View comprehensive analytics including:

  • Total tests run and success rates
  • Average response times and token usage
  • Interactive charts showing performance trends
  • Detailed results table with filtering options
  • JSON export functionality

🏗️ Code Structure

Main Components

gpt-5-testing.py                 # Complete Streamlit application (single file)

Key Classes and Functions

  • GPT5StreamlitTester: Core testing framework class
  • TestResult: Dataclass for storing test outcomes
  • make_responses_api_call(): Handles GPT-5 Responses API integration
  • extract_response_content(): Multi-layered response parsing
  • display_result(): Formats and displays test results

📈 Performance Metrics Tracked

Metric Description
Response Time API call latency in seconds
Token Usage Input/output token consumption
Success Rate Percentage of successful API calls
Word Count Length of generated responses
Test Parameters All API parameters used for each test

🔒 Security Features

  • Password-type input for API keys (not stored permanently)
  • Session-based API key management
  • No persistent storage of sensitive data
  • Built-in error handling for API failures

🐛 Troubleshooting

Common Issues

"Required packages not installed" Error

pip install openai requests python-dotenv streamlit plotly pandas

"Failed to create OpenAI client" Error

  • Verify your OpenAI API key is correct
  • Check that you have GPT-5 access enabled
  • Ensure your account has sufficient credits

"Response received but content extraction failed" Warning

  • This indicates a response parsing issue
  • The raw response will be displayed for debugging
  • Try different model variants or simpler prompts

Empty Results or Slow Performance

  • Check your internet connection
  • Verify API rate limits aren't exceeded
  • Clear test results using the sidebar button

💡 Usage Tips

  1. Start with Basic Connectivity to verify your setup
  2. Use Model Comparison to understand performance differences
  3. Test Reasoning Effort with complex problems to see the impact
  4. Experiment with Verbosity for different response lengths
  5. Export Results regularly to track performance over time
  6. Clear Results periodically to maintain performance

📝 Example Test Scenarios

Reasoning Effort Test

Default prompt: "You have 12 balls, one of which is either heavier or lighter than the others.

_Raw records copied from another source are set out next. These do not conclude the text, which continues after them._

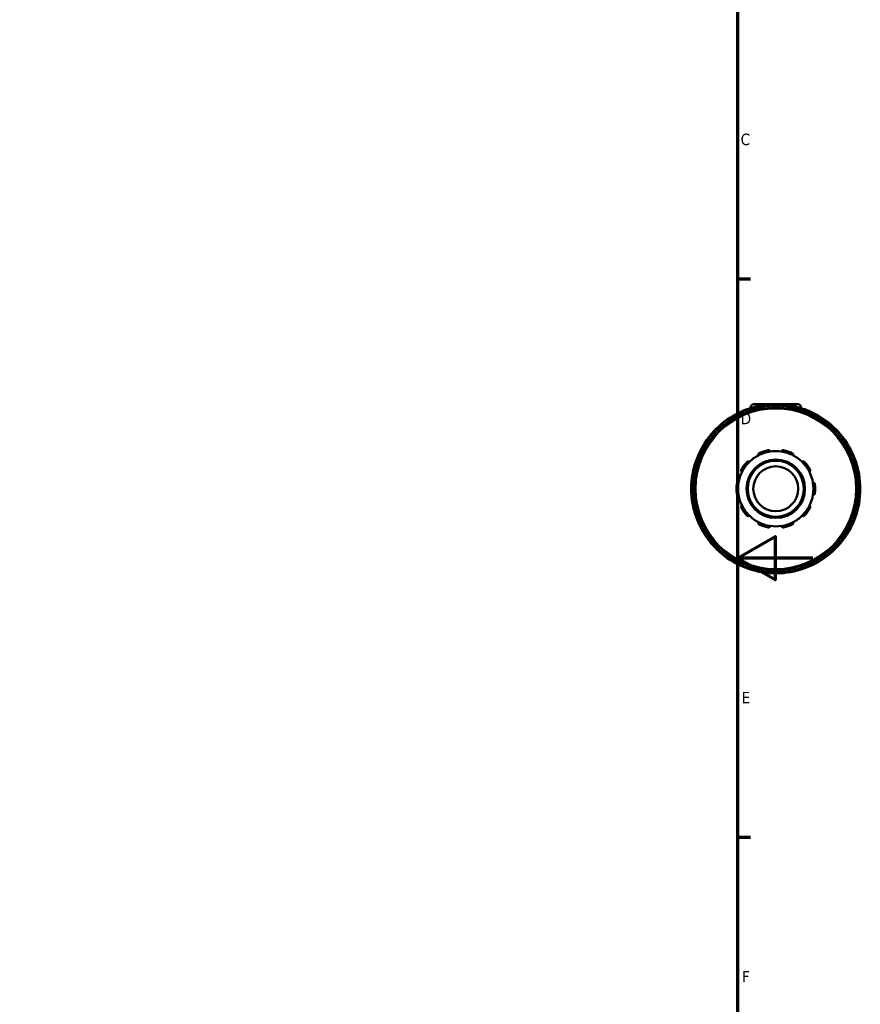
# Model space of a CAD drawing. Header units: millimetres. Extents: x 0 to 905, y -349 to 706.
# Tile 7 of 11: x 630 to 854, y 178 to 440. Entities that reach past the tile are written whole.
import ezdxf

# ---------------------------------------------------------------- set-up
doc = ezdxf.new("R2010")
doc.units = ezdxf.units.MM
for name, color, linetype, lineweight in [('Border (ANSI)', 7, 'Continuous', 70), ('Visible (ANSI)', 7, 'Continuous', 50), ('Visible Narrow (ANSI)', 7, 'Continuous', 35)]:
    doc.layers.add(name, color=color, linetype=linetype, lineweight=lineweight)
doc.styles.add('Note Text (ANSI)', font='tahoma.ttf')

# ---------------------------------------------------------------- blocks, each defined once
blk = doc.blocks.new('Borders Default Border')
at = {"layer": 'Border (ANSI)'}
for p, q in [((821, 371.25), (824.45, 371.25)), ((821, 222.75), (824.45, 222.75))]:
    blk.add_line(p, q, dxfattribs=at)
at = {"layer": 'Border (ANSI)', "flags": 128}
for points in [[(20, 20), (20, 574), (821, 574), (821, 20), (20, 20)], [(841, 297), (821, 297), (831, 302.77), (831, 291.23), (821, 297)]]:
    blk.add_lwpolyline(points, dxfattribs=at)
at = {"layer": 'Border (ANSI)', "char_height": 3.05, "attachment_point": 7, "style": 'Note Text (ANSI)'}
for s, insert in [('C', (821.8, 406.8)), ('D', (821.81, 332.6)), ('E', (822.05, 258.35)), ('F', (822.14, 184.1))]:
    blk.add_mtext(s, dxfattribs=dict(at, insert=insert))

msp = doc.modelspace()

# ---------------------------------------------------------------- linework, layer by layer
at = {"layer": 'Visible (ANSI)'}
for p, q in [((825.298, 337.927), (836.998, 337.927)), ((823.212, 335.923), (823.403, 335.591)), ((824.398, 337.027), (824.398, 336.891)), ((827.773, 336.762), (827.773, 337.145)), ((834.523, 337.145), (834.523, 336.762)), ((837.898, 337.027), (837.898, 336.891)), ((838.892, 335.591), (839.084, 335.923)), ((817.558, 332.216), (817.366, 332.548)), ((844.929, 332.548), (844.738, 332.216)), ((814.027, 329.209), (814.359, 329.018)), ((847.937, 329.018), (848.268, 329.209)), ((810.984, 323.172), (810.652, 323.363)), ((851.643, 323.363), (851.312, 323.172)), ((809.43, 318.802), (809.813, 318.802)), ((852.483, 318.802), (852.865, 318.802)), ((809.813, 312.052), (809.43, 312.052)), ((852.865, 312.052), (852.483, 312.052)), ((810.652, 307.491), (810.984, 307.683)), ((851.312, 307.683), (851.643, 307.491)), ((814.359, 301.837), (814.027, 301.646)), ((848.268, 301.646), (847.937, 301.837)), ((817.366, 298.307), (817.558, 298.638)), ((844.738, 298.638), (844.929, 298.307)), ((823.403, 295.263), (823.212, 294.932)), ((827.773, 293.71), (827.773, 294.093)), ((834.523, 294.093), (834.523, 293.71)), ((839.084, 294.932), (838.892, 295.263))]:
    msp.add_line(p, q, dxfattribs=at)
for radius in [21.6, 7.774, 7.475, 5.98]:
    msp.add_circle((831.148, 315.427), radius, dxfattribs=at)
for centre, radius, start, end in [((825.298, 337.027), 0.9, 90, 180), ((831.148, 315.427), 22.5, 80.01505, 99.98495), ((836.998, 337.027), 0.9, 0, 90), ((831.148, 315.427), 22.5, 110.01505, 129.98495), ((823.6, 336.147), 0.449, 110.01505, 210), ((831.148, 315.427), 22.5, 99.98495, 110.01505), ((827.324, 337.145), 0.448, 0, 99.98495), ((834.971, 337.145), 0.448, 80.01505, 180), ((831.148, 315.427), 22.5, 69.98495, 80.01505), ((831.148, 315.427), 22.5, 50.01505, 69.98495), ((838.695, 336.147), 0.448, 330, 69.98495), ((816.978, 332.324), 0.449, 30, 129.98495), ((845.318, 332.324), 0.448, 50.01505, 150), ((831.148, 315.427), 22.5, 129.98495, 140.01505), ((831.148, 315.427), 22.5, 39.98495, 50.01505), ((831.148, 315.427), 22.5, 140.01505, 159.98495), ((814.252, 329.597), 0.448, 140.01505, 240), ((848.044, 329.597), 0.449, 300, 39.98495), ((831.148, 315.427), 22.5, 20.01505, 39.98495), ((831.148, 315.427), 10.017, 98.58368, 117.41632), ((831.148, 315.427), 10.465, 101.14938, 114.85062), ((831.148, 315.427), 10.017, 81.41632, 98.58368), ((831.148, 315.427), 10.017, 62.58368, 81.41632), ((831.148, 315.427), 10.465, 65.14938, 78.85062), ((831.148, 315.427), 22.5, 159.98495, 170.01505), ((810.428, 322.975), 0.448, 60, 159.98495), ((831.148, 315.427), 10.465, 137.14938, 150.85062), ((831.148, 315.427), 10.017, 134.58368, 153.41632), ((831.148, 315.427), 10.017, 117.41632, 134.58368), ((831.148, 315.427), 10.016, 45.41632, 62.58368), ((831.148, 315.427), 10.016, 26.58368, 45.41632), ((831.148, 315.427), 10.465, 29.14938, 42.85062), ((851.867, 322.975), 0.449, 20.01505, 120), ((831.148, 315.427), 22.5, 9.98495, 20.01505), ((831.148, 315.427), 10.017, 153.41632, 170.58368), ((831.148, 315.427), 10.017, 9.41632, 26.58368), ((831.148, 315.427), 22.5, 170.01505, 189.98495), ((809.43, 319.251), 0.449, 170.01505, 270), ((831.148, 315.427), 10.017, 170.58368, 189.41632), ((831.148, 315.427), 10.017, 350.58368, 9.41632), ((852.865, 319.251), 0.449, 270, 9.98495), ((831.148, 315.427), 22.5, 350.01505, 9.98495), ((831.148, 315.427), 10.465, 173.14938, 186.85062), ((831.148, 315.427), 10.465, 353.14938, 6.85062), ((809.43, 311.604), 0.449, 90, 189.98495), ((831.148, 315.427), 10.017, 189.41632, 206.58368), ((831.148, 315.427), 10.017, 333.41632, 350.58368), ((852.865, 311.604), 0.448, 350.01505, 90), ((831.148, 315.427), 22.5, 189.98495, 200.01505), ((831.148, 315.427), 10.465, 209.14938, 222.85062), ((831.148, 315.427), 10.016, 206.58368, 225.41632), ((831.148, 315.427), 10.016, 314.58368, 333.41632), ((831.148, 315.427), 10.465, 317.14938, 330.85062), ((831.148, 315.427), 22.5, 339.98495, 350.01505), ((831.148, 315.427), 22.5, 200.01505, 219.98495), ((810.428, 307.88), 0.449, 200.01505, 300), ((831.148, 315.427), 10.016, 225.41632, 242.58368), ((831.148, 315.427), 10.016, 242.58368, 261.41632), ((831.148, 315.427), 10.017, 278.58368, 297.41632), ((831.148, 315.427), 10.017, 297.41632, 314.58368), ((831.148, 315.427), 22.5, 320.01505, 339.98495), ((851.867, 307.88), 0.448, 240, 339.98495), ((831.148, 315.427), 10.465, 245.14938, 258.85062), ((831.148, 315.427), 10.016, 261.41632, 278.58368), ((831.148, 315.427), 10.465, 281.14938, 294.85062), ((814.252, 301.257), 0.449, 120, 219.98495), ((848.044, 301.257), 0.448, 320.01505, 60), ((831.148, 315.427), 22.5, 219.98495, 230.01505), ((831.148, 315.427), 22.5, 309.98495, 320.01505), ((816.978, 298.531), 0.448, 230.01505, 330), ((831.148, 315.427), 22.5, 230.01505, 249.98495), ((831.148, 315.427), 22.5, 290.01505, 309.98495), ((845.318, 298.531), 0.449, 210, 309.98495), ((823.6, 294.708), 0.448, 150, 249.98495), ((831.148, 315.427), 22.5, 249.98495, 260.01505), ((827.324, 293.71), 0.449, 260.01505, 0), ((834.971, 293.71), 0.448, 180, 279.98495), ((831.148, 315.427), 22.5, 279.98495, 290.01505), ((838.695, 294.708), 0.449, 290.01505, 30), ((831.148, 315.427), 22.5, 260.01505, 279.98495)]:
    msp.add_arc(centre, radius, start, end, dxfattribs=at)
for points, knots in [([(826.536, 324.319), (826.513, 324.365), (826.497, 324.42), (826.486, 324.538), (826.493, 324.601), (826.531, 324.711), (826.559, 324.764), (826.62, 324.833), (826.643, 324.855), (826.693, 324.893), (826.721, 324.91), (826.75, 324.923)], [0.161263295, 0.161263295, 0.161263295, 0.161263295, 0.183059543, 0.183059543, 0.206269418, 0.206269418, 0.2253452, 0.2253452, 0.234883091, 0.234883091, 0.244420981, 0.244420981, 0.244420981, 0.244420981]), ([(829.124, 325.695), (829.155, 325.701), (829.188, 325.704), (829.251, 325.703), (829.283, 325.699), (829.372, 325.678), (829.426, 325.652), (829.521, 325.585), (829.564, 325.538), (829.625, 325.436), (829.644, 325.383), (829.653, 325.332)], [0.084571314, 0.084571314, 0.084571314, 0.084571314, 0.094109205, 0.094109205, 0.103647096, 0.103647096, 0.122722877, 0.122722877, 0.145932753, 0.145932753, 0.167729, 0.167729, 0.167729, 0.167729]), ([(832.643, 325.332), (832.652, 325.383), (832.671, 325.436), (832.731, 325.538), (832.775, 325.585), (832.869, 325.652), (832.923, 325.678), (833.013, 325.699), (833.045, 325.703), (833.108, 325.704), (833.14, 325.701), (833.171, 325.695)], [0.161263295, 0.161263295, 0.161263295, 0.161263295, 0.183059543, 0.183059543, 0.206269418, 0.206269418, 0.2253452, 0.2253452, 0.234883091, 0.234883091, 0.244420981, 0.244420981, 0.244420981, 0.244420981]), ([(835.546, 324.923), (835.575, 324.91), (835.602, 324.893), (835.653, 324.855), (835.676, 324.833), (835.737, 324.764), (835.765, 324.711), (835.802, 324.601), (835.809, 324.538), (835.799, 324.42), (835.783, 324.365), (835.76, 324.319)], [0.084571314, 0.084571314, 0.084571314, 0.084571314, 0.094109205, 0.094109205, 0.103647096, 0.103647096, 0.122722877, 0.122722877, 0.145932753, 0.145932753, 0.167729, 0.167729, 0.167729, 0.167729]), ([(823.476, 322.545), (823.497, 322.568), (823.522, 322.589), (823.574, 322.625), (823.601, 322.641), (823.687, 322.677), (823.746, 322.687), (823.861, 322.689), (823.924, 322.676), (824.033, 322.63), (824.08, 322.598), (824.117, 322.561)], [0.084571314, 0.084571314, 0.084571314, 0.084571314, 0.094109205, 0.094109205, 0.103647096, 0.103647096, 0.122722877, 0.122722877, 0.145932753, 0.145932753, 0.167729, 0.167729, 0.167729, 0.167729]), ([(838.179, 322.561), (838.216, 322.598), (838.263, 322.63), (838.372, 322.676), (838.435, 322.689), (838.55, 322.687), (838.609, 322.677), (838.694, 322.641), (838.722, 322.625), (838.774, 322.589), (838.798, 322.568), (838.82, 322.545)], [0.161263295, 0.161263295, 0.161263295, 0.161263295, 0.183059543, 0.183059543, 0.206269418, 0.206269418, 0.2253452, 0.2253452, 0.234883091, 0.234883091, 0.244420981, 0.244420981, 0.244420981, 0.244420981]), ([(822.19, 319.91), (822.144, 319.934), (822.099, 319.968), (822.022, 320.058), (821.99, 320.114), (821.956, 320.224), (821.948, 320.283), (821.956, 320.375), (821.962, 320.407), (821.98, 320.467), (821.993, 320.497), (822.008, 320.525)], [0.161263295, 0.161263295, 0.161263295, 0.161263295, 0.183059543, 0.183059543, 0.206269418, 0.206269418, 0.2253452, 0.2253452, 0.234883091, 0.234883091, 0.244420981, 0.244420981, 0.244420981, 0.244420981]), ([(840.287, 320.525), (840.303, 320.497), (840.316, 320.467), (840.334, 320.407), (840.34, 320.375), (840.348, 320.283), (840.34, 320.224), (840.306, 320.114), (840.274, 320.058), (840.196, 319.968), (840.151, 319.934), (840.105, 319.91)], [0.084571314, 0.084571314, 0.084571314, 0.084571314, 0.094109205, 0.094109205, 0.103647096, 0.103647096, 0.122722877, 0.122722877, 0.145932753, 0.145932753, 0.167729, 0.167729, 0.167729, 0.167729]), ([(820.758, 316.676), (820.761, 316.707), (820.769, 316.739), (820.789, 316.799), (820.803, 316.827), (820.851, 316.906), (820.892, 316.95), (820.984, 317.019), (821.043, 317.046), (821.158, 317.072), (821.215, 317.073), (821.266, 317.066)], [0.084571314, 0.084571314, 0.084571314, 0.084571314, 0.094109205, 0.094109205, 0.103647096, 0.103647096, 0.122722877, 0.122722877, 0.145932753, 0.145932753, 0.167729, 0.167729, 0.167729, 0.167729]), ([(841.029, 317.066), (841.081, 317.073), (841.137, 317.072), (841.253, 317.046), (841.311, 317.019), (841.404, 316.95), (841.445, 316.906), (841.493, 316.827), (841.506, 316.799), (841.527, 316.739), (841.534, 316.707), (841.538, 316.676)], [0.161263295, 0.161263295, 0.161263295, 0.161263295, 0.183059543, 0.183059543, 0.206269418, 0.206269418, 0.2253452, 0.2253452, 0.234883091, 0.234883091, 0.244420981, 0.244420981, 0.244420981, 0.244420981]), ([(821.266, 313.789), (821.215, 313.781), (821.158, 313.783), (821.043, 313.809), (820.984, 313.836), (820.892, 313.905), (820.851, 313.948), (820.803, 314.027), (820.789, 314.056), (820.769, 314.116), (820.761, 314.148), (820.758, 314.179)], [0.161263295, 0.161263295, 0.161263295, 0.161263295, 0.183059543, 0.183059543, 0.206269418, 0.206269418, 0.2253452, 0.2253452, 0.234883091, 0.234883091, 0.244420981, 0.244420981, 0.244420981, 0.244420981]), ([(841.538, 314.179), (841.534, 314.148), (841.527, 314.116), (841.506, 314.056), (841.493, 314.027), (841.445, 313.948), (841.404, 313.905), (841.311, 313.836), (841.253, 313.809), (841.137, 313.783), (841.081, 313.781), (841.029, 313.789)], [0.084571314, 0.084571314, 0.084571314, 0.084571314, 0.094109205, 0.094109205, 0.103647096, 0.103647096, 0.122722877, 0.122722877, 0.145932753, 0.145932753, 0.167729, 0.167729, 0.167729, 0.167729]), ([(822.008, 310.33), (821.993, 310.358), (821.98, 310.387), (821.962, 310.448), (821.956, 310.479), (821.948, 310.571), (821.956, 310.631), (821.99, 310.741), (822.022, 310.797), (822.099, 310.886), (822.144, 310.921), (822.19, 310.945)], [0.084571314, 0.084571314, 0.084571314, 0.084571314, 0.094109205, 0.094109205, 0.103647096, 0.103647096, 0.122722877, 0.122722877, 0.145932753, 0.145932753, 0.167729, 0.167729, 0.167729, 0.167729]), ([(840.105, 310.945), (840.151, 310.921), (840.196, 310.886), (840.274, 310.797), (840.306, 310.741), (840.34, 310.631), (840.348, 310.571), (840.34, 310.479), (840.334, 310.448), (840.316, 310.387), (840.303, 310.358), (840.287, 310.33)], [0.161263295, 0.161263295, 0.161263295, 0.161263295, 0.183059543, 0.183059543, 0.206269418, 0.206269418, 0.2253452, 0.2253452, 0.234883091, 0.234883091, 0.244420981, 0.244420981, 0.244420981, 0.244420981]), ([(824.117, 308.293), (824.08, 308.257), (824.033, 308.225), (823.924, 308.179), (823.861, 308.166), (823.746, 308.168), (823.687, 308.178), (823.601, 308.214), (823.574, 308.229), (823.522, 308.266), (823.497, 308.287), (823.476, 308.31)], [0.161263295, 0.161263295, 0.161263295, 0.161263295, 0.183059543, 0.183059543, 0.206269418, 0.206269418, 0.2253452, 0.2253452, 0.234883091, 0.234883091, 0.244420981, 0.244420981, 0.244420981, 0.244420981]), ([(826.75, 305.931), (826.721, 305.945), (826.693, 305.961), (826.643, 306), (826.62, 306.021), (826.559, 306.091), (826.531, 306.144), (826.493, 306.253), (826.486, 306.317), (826.497, 306.435), (826.513, 306.489), (826.536, 306.536)], [0.084571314, 0.084571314, 0.084571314, 0.084571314, 0.094109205, 0.094109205, 0.103647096, 0.103647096, 0.122722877, 0.122722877, 0.145932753, 0.145932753, 0.167729, 0.167729, 0.167729, 0.167729]), ([(835.76, 306.536), (835.783, 306.489), (835.799, 306.435), (835.809, 306.317), (835.802, 306.253), (835.765, 306.144), (835.737, 306.091), (835.676, 306.021), (835.653, 306), (835.602, 305.961), (835.575, 305.945), (835.546, 305.931)], [0.161263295, 0.161263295, 0.161263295, 0.161263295, 0.183059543, 0.183059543, 0.206269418, 0.206269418, 0.2253452, 0.2253452, 0.234883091, 0.234883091, 0.244420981, 0.244420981, 0.244420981, 0.244420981]), ([(838.82, 308.31), (838.798, 308.287), (838.774, 308.266), (838.722, 308.229), (838.694, 308.214), (838.609, 308.178), (838.55, 308.168), (838.435, 308.166), (838.372, 308.179), (838.263, 308.225), (838.216, 308.257), (838.179, 308.293)], [0.084571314, 0.084571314, 0.084571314, 0.084571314, 0.094109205, 0.094109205, 0.103647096, 0.103647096, 0.122722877, 0.122722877, 0.145932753, 0.145932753, 0.167729, 0.167729, 0.167729, 0.167729]), ([(829.653, 305.523), (829.644, 305.472), (829.625, 305.419), (829.564, 305.317), (829.521, 305.27), (829.426, 305.203), (829.372, 305.177), (829.283, 305.156), (829.251, 305.152), (829.188, 305.151), (829.155, 305.154), (829.124, 305.16)], [0.161263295, 0.161263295, 0.161263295, 0.161263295, 0.183059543, 0.183059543, 0.206269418, 0.206269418, 0.2253452, 0.2253452, 0.234883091, 0.234883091, 0.244420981, 0.244420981, 0.244420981, 0.244420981]), ([(833.171, 305.16), (833.14, 305.154), (833.108, 305.151), (833.045, 305.152), (833.013, 305.156), (832.923, 305.177), (832.869, 305.203), (832.775, 305.27), (832.731, 305.317), (832.671, 305.419), (832.652, 305.472), (832.643, 305.523)], [0.084571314, 0.084571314, 0.084571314, 0.084571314, 0.094109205, 0.094109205, 0.103647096, 0.103647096, 0.122722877, 0.122722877, 0.145932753, 0.145932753, 0.167729, 0.167729, 0.167729, 0.167729])]:
    msp.add_open_spline(points, degree=3, knots=knots, dxfattribs=at)
at = {"layer": 'Visible Narrow (ANSI)'}
for p, q in [((823.213, 335.923), (823.57, 336.129)), ((823.447, 336.567), (823.588, 336.18)), ((823.818, 335.77), (823.612, 336.127)), ((824.804, 337.027), (824.399, 337.027)), ((827.318, 337.18), (827.247, 337.585)), ((827.324, 337.122), (827.324, 336.709)), ((827.36, 337.145), (827.771, 337.145)), ((834.524, 337.145), (834.936, 337.145)), ((834.971, 336.709), (834.971, 337.122)), ((835.049, 337.585), (834.977, 337.18)), ((837.897, 337.027), (837.491, 337.027)), ((838.684, 336.127), (838.478, 335.77)), ((838.707, 336.18), (838.848, 336.567)), ((838.726, 336.129), (839.083, 335.923)), ((816.955, 332.35), (816.691, 332.666)), ((816.989, 332.304), (817.196, 331.946)), ((817.008, 332.341), (817.365, 332.547)), ((844.931, 332.547), (845.287, 332.341)), ((845.1, 331.946), (845.306, 332.304)), ((845.605, 332.666), (845.34, 332.35)), ((813.909, 329.885), (814.225, 329.62)), ((814.028, 329.21), (814.234, 329.567)), ((814.629, 329.38), (814.272, 329.586)), ((848.024, 329.586), (847.667, 329.38)), ((848.062, 329.567), (848.268, 329.21)), ((848.071, 329.62), (848.387, 329.885)), ((810.395, 322.987), (810.008, 323.128)), ((810.446, 323.005), (810.652, 323.362)), ((810.448, 322.963), (810.805, 322.757)), ((851.49, 322.757), (851.848, 322.963)), ((851.644, 323.362), (851.85, 323.005)), ((852.288, 323.128), (851.901, 322.987)), ((808.99, 319.328), (809.396, 319.257)), ((809.43, 318.804), (809.43, 319.216)), ((809.866, 319.251), (809.453, 319.251)), ((852.842, 319.251), (852.43, 319.251)), ((852.865, 319.216), (852.865, 318.804)), ((852.9, 319.257), (853.306, 319.328)), ((809.43, 311.639), (809.43, 312.051)), ((852.865, 312.051), (852.865, 311.639)), ((809.396, 311.598), (808.99, 311.526)), ((809.453, 311.604), (809.866, 311.604)), ((852.43, 311.604), (852.842, 311.604)), ((853.306, 311.526), (852.9, 311.598)), ((810.008, 307.727), (810.395, 307.868)), ((810.652, 307.493), (810.446, 307.849)), ((810.805, 308.098), (810.448, 307.891)), ((851.848, 307.891), (851.49, 308.098)), ((851.85, 307.849), (851.644, 307.493)), ((851.901, 307.868), (852.288, 307.727)), ((814.234, 301.288), (814.028, 301.645)), ((814.272, 301.269), (814.629, 301.475)), ((847.667, 301.475), (848.024, 301.269)), ((848.268, 301.645), (848.062, 301.288)), ((814.225, 301.235), (813.909, 300.97)), ((817.196, 298.909), (816.989, 298.551)), ((845.306, 298.551), (845.1, 298.909)), ((848.387, 300.97), (848.071, 301.235)), ((816.691, 298.189), (816.955, 298.504)), ((817.365, 298.308), (817.008, 298.514)), ((845.287, 298.514), (844.931, 298.308)), ((845.34, 298.504), (845.605, 298.189)), ((823.57, 294.725), (823.213, 294.931)), ((823.588, 294.675), (823.447, 294.288)), ((823.612, 294.728), (823.818, 295.085)), ((827.247, 293.27), (827.318, 293.675)), ((827.324, 294.146), (827.324, 293.733)), ((827.771, 293.71), (827.36, 293.71)), ((834.936, 293.71), (834.524, 293.71)), ((834.971, 293.733), (834.971, 294.146)), ((834.977, 293.675), (835.049, 293.27)), ((838.478, 295.085), (838.684, 294.728)), ((838.848, 294.288), (838.707, 294.675)), ((839.083, 294.931), (838.726, 294.725))]:
    msp.add_line(p, q, dxfattribs=at)
msp.add_circle((831.148, 315.427), 21.301, dxfattribs=at)
for radius, start, end in [(22.052, 112.06235, 127.93765), (22.051, 100.48646, 109.51354), (22.052, 82.06235, 97.93765), (22.052, 70.48646, 79.51354), (22.052, 52.06235, 67.93765), (22.052, 130.48646, 139.51354), (22.052, 40.48646, 49.51354), (22.052, 142.06235, 157.93765), (22.052, 22.06235, 37.93765), (22.051, 160.48646, 169.51354), (22.051, 10.48646, 19.51354), (22.052, 172.06235, 187.93765), (22.052, 352.06235, 7.93765), (22.052, 190.48646, 199.51354), (22.052, 340.48646, 349.51354), (22.052, 202.06235, 217.93765), (22.051, 322.06235, 337.93765), (22.052, 220.48646, 229.51354), (22.051, 310.48646, 319.51354), (22.052, 232.06235, 247.93765), (22.052, 292.06235, 307.93765), (22.052, 250.48646, 259.51354), (22.052, 262.06235, 277.93765), (22.052, 280.48646, 289.51354)]:
    msp.add_arc((831.148, 315.427), radius, start, end, dxfattribs=at)

# ---------------------------------------------------------------- block references
msp.add_blockref('Borders Default Border', (0, 0))

doc.saveas('drawing.dxf')

Using a balance scale exactly 3 times, how can you identify the odd ball and determine if it's heavier or lighter?"

Verbosity Test

Default prompt: "Explain how HTTPS encryption works and why it's important for web security"

Coding Tests

  • Frontend Generation: React component with TypeScript and Tailwind CSS
  • Bug Fixing: Python function debugging
  • SQL Generation: Complex database queries
  • Algorithm Implementation: Dynamic programming solutions

🔄 Session Management

  • Test results persist during your browser session
  • Use "Clear All Results" in the sidebar to reset
  • Session data is not saved between browser sessions
  • Export important results before closing the application

📄 Notes

  • This is a single-file Streamlit application
  • All functionality is contained in gpt-5-testing.py
  • No external configuration files are required
  • API keys are handled securely without persistent storage

Single-file GPT-5 testing solution for comprehensive API evaluation and performance analysis.